First, We will find the Measure of Each Side in the Equilateral Triangle

$\longrightarrow\sf{Area\:of\:Equilateral\:Triangle = \sqrt{3}/4\times Side^2}$

It is Clearly mentioned Wire bent in the form of an equilateral triangle encloses an area of $\sf{36\sqrt{3}\:cm^2}$ in the Question

$\longrightarrow\sf{36\sqrt{3}\:cm^2 = \sqrt{3}/4\times Side^2}$

Divide both Sides by the Equation by $\sf{\sqrt{3}/4}$

$\longrightarrow\sf{36\sqrt{3}\:cm^2\div\sqrt{3}/4 = (\sqrt{3}/4\times Side^2)\div\sqrt{3}/4}$

$\longrightarrow\sf{Side^2 = 36\sqrt{3}\div\sqrt{3}/4\:cm^2 =36\sqrt{3}\times4/\sqrt{3} \times cm^2 }$

$\longrightarrow\sf{Side^2 = 144\sqrt{3}/\sqrt{3} \times cm^2 = 144\:cm^2 }$

Take Square Root on Both Sides of the Equation

$\longrightarrow\sf{\sqrt{Side^2} = \sqrt{144\:cm^2}}\longrightarrow\sf{Side = 12\:cm}$

Now the Total Length of Wire will be Equal to Perimeter of Wire.

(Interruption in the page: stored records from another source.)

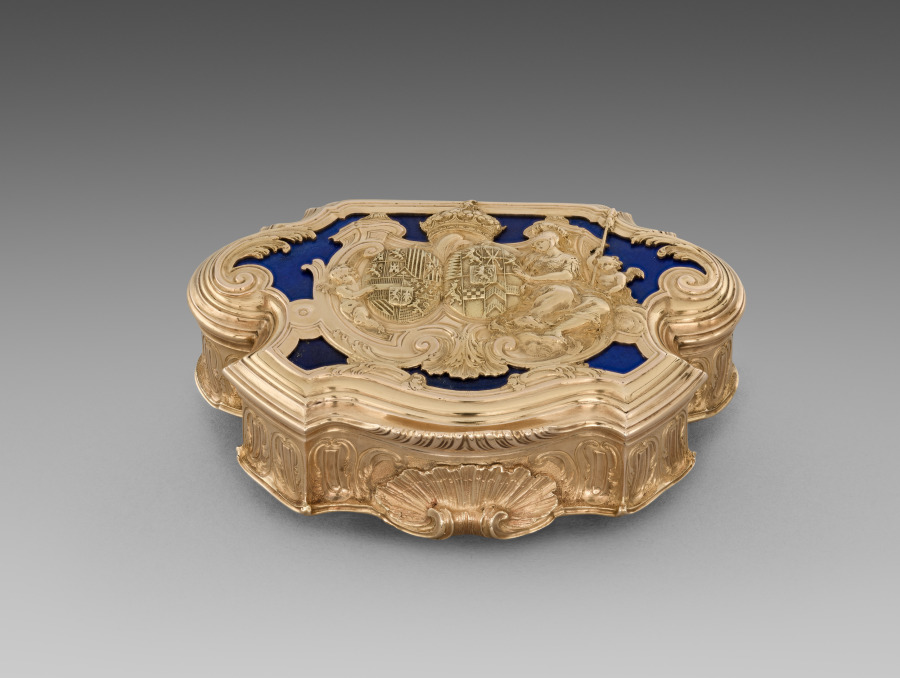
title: Gold Box
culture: France
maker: Juste-Aurèle Meissonnier (French, 1695–1750)
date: 1728–29
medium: gold and lapis lazuli
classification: Metalwork
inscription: IOM
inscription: a crowned M
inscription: a crowned dolphin's head
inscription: a crowned chancellor's mace
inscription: double frame eagle's head
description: With its central cartouche, heavy molding, and fluted sides, the design of this box attests to Juste-Aurèle Meissonnier’s interest in architecture. The box is further distinguished by a strong sense of movement, achieved through its dynamic contour, extraordinary level of detail, and the dramatic contrast between gold and lapis lazuli. Such small boxes, known as snuffboxes, were used to hold scented powdered tobacco that was inhaled through the nostrils. Made of precious materials and highly ornamented, they conveyed the owner’s wealth, fashion awareness, sophistication, and social standing. These personal, collectible items were often presented as luxurious gifts. This box was made for the dowager Queen of Spain, Maria Anna of Neuburg, whose coat of arms – along with that of her late husband, Charles II – features on the cover.
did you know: This is one of the two known objects that bear the maker's mark of Meissonnier.
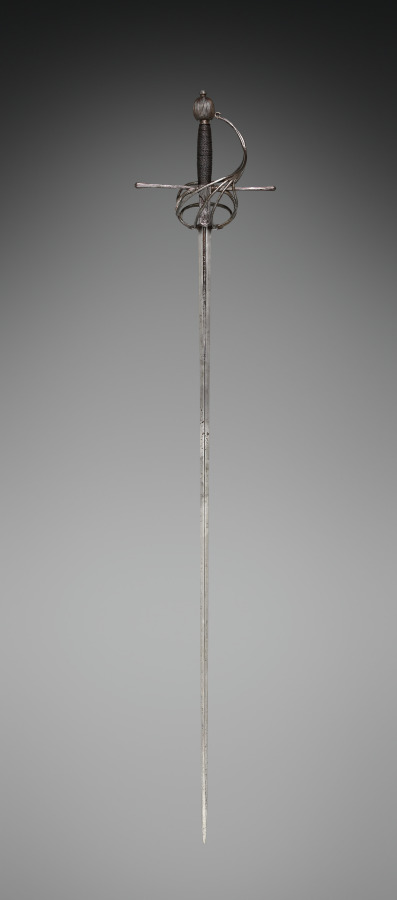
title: Rapier
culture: Blade: Spain, Toledo Hilt: Italt, Belluno?, late 16th-early 17th Century
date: c. 1580–1610
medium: steel, ribbed guard and pommel; wood and wire
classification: Arms and Armor
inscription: PIETRO HERNAN[DJEZ
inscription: three (Toledo and half-moon)
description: The rapier was a sword worn with civilian dress and used in duels. The term rapier derives from the 16th-century French word rapière, which in turn derived from the Spanish espada ropera, or “dress sword.” The rapier was a light weapon with a straight double-edged and pointed blade that, with the development of the art of fencing in the 1500s and 1600s, gradually became narrower and lighter, and thus suitable for thrusts only. With the new technique of swordplay emphasizing the point of the blade, sword guards became more complex to protect the duelist’s unarmored hand. These elaborate guards were frequently decorated by various techniques—chiseling, bluing, russeting, and damascening.
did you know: During this time fencing academies were already in existence in Milan, Venice, Verona, and Madrid, and the rules of fencing evolved with two styles dominating, the Spanish and the Italian.
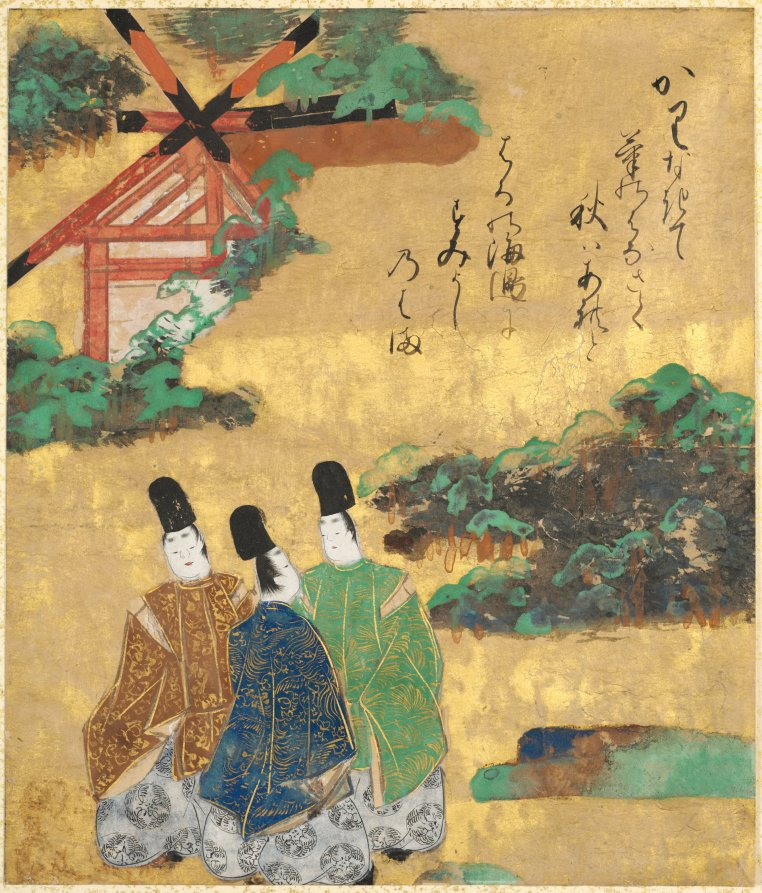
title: The Beach at Sumiyoshi from the Tales of Ise
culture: Japan, Edo period (1615–1868)
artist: Tawaraya Sōtatsu (Japanese, c. 1570–c. 1640)
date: c. 1634
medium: Poetry sheet mounted as an album leaf; ink, color, and gold on paper
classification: Painting
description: The poem written on the painting comes from The Tales of Ise, a 10th-century poetic narrative of love: In autumn the wild geese cry And chrysanthemums are in flower, Yet how pleasant to dwell By the sea in spring On the Beach of Sumiyoshi.
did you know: The red structure at the top of this composition is Sumiyoshi Taisha, the Grand Shrine at Sumiyoshi.
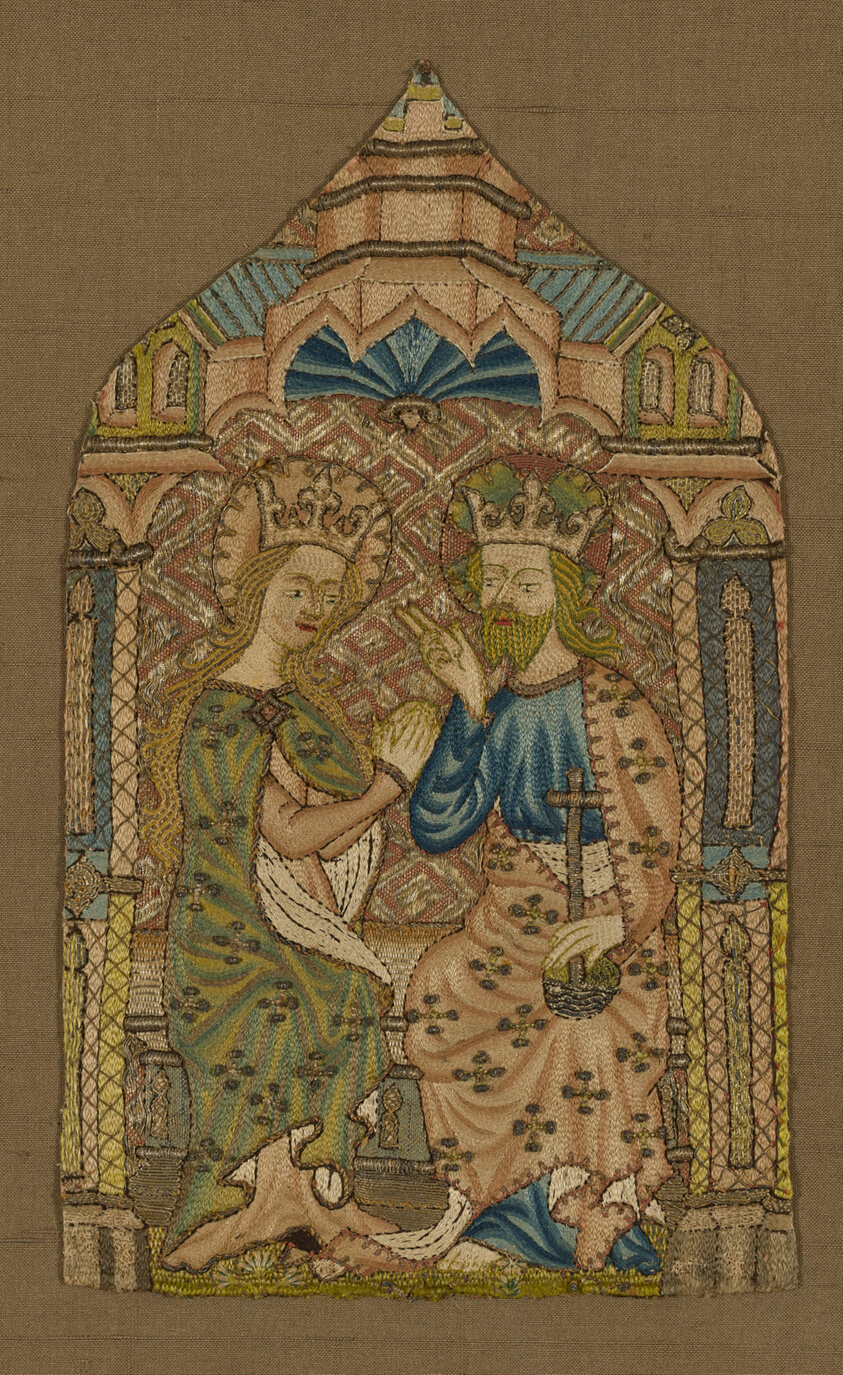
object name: Textile
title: Fragment (From an Orphrey Band)
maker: England, Opus Anglicanum
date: 1400/50
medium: Linen, plain weave; embroidered with silk and gilt-metal-silk-wrapped silk in split and stem stitches; laid work and couching.
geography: England
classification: needlework (visual works); liturgical; textile
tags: religious scenes

Perimeter of Wire = Perimeter of Equilateral Triangle

$\boxed{\sf{Total\: Length\: of \:Wire = 3\times Side = 3\times 12\:cm = 36\:cm}}$

1) The length of the side of the square is obtained by Dividing Total Length of Wire/Number of Sides in a Square or Total Length of Wire/4

$\longrightarrow\textsf{Length of the side of the Square = \sf{36/4\:cm = 9\:cm} }$

Thus the Area of Square is obtained as follows : $\sf{Side\times Side}$

$\boxed{\longrightarrow\sf{Area\:of\:Square=Side\times Side = 9\:cm\times 9\:cm= 81\:cm^2}}$

2) The Perimeter of the rectangle should be 36 cm. Thus the relation obtained is $\sf{2(Lengh+Breadth)}$ . Since the difference between length and breadth is 2 cm, thus the relation obtained is $\sf{Length-Bredth=2}$ . Thus the values of the length and breadth are calculated as follows : $\sf{Length-Breadth=2\:cm\longrightarrow Length = Breadth + 2\:cm}$

$\longrightarrow\sf{Perimeter \:of \:Rectangle = 36\:cm}\longrightarrow\sf{2(Length+Breadth) = 36\:cm}$

$\longrightarrow\sf{2(Breadth+2\:cm+Breadth) = 36\:cm\quad...\:Since\:Length = Breadth+2\:cm}$

$\longrightarrow\sf{2(2\times Breadth+2\:cm) = 36\:cm}\longrightarrow\sf{4\times Breadth+4\:cm = 36\:cm}$

Subtract 4 cm from Both Sides of the Equation

$\longrightarrow\sf{4\times Breadth+4\:cm-4\:cm = 36\:cm-4\:cm }$

$\longrightarrow\sf{4\times Breadth = 36\:cm-4\:cm = 32\:cm }$

Divide Both Sides of the Equation by 4

$\longrightarrow\sf{(4\times Breadth)/4 = 32/4\:cm }\longrightarrow\sf{ Breadth = 8\:cm }$

Also $\sf{Length = Breadth + 2\:cm}\longrightarrow\sf{Length = 8\:cm + 2\:cm=10\:cm}$

Thus the Area of Rectangle is obtained as follows : $\sf{Length\times Breadth}$

$\boxed{\longrightarrow\sf{Area\:of\:Rectangle=Length\times Breadth = 10\:cm\times 8\:cm = 80\:cm}}$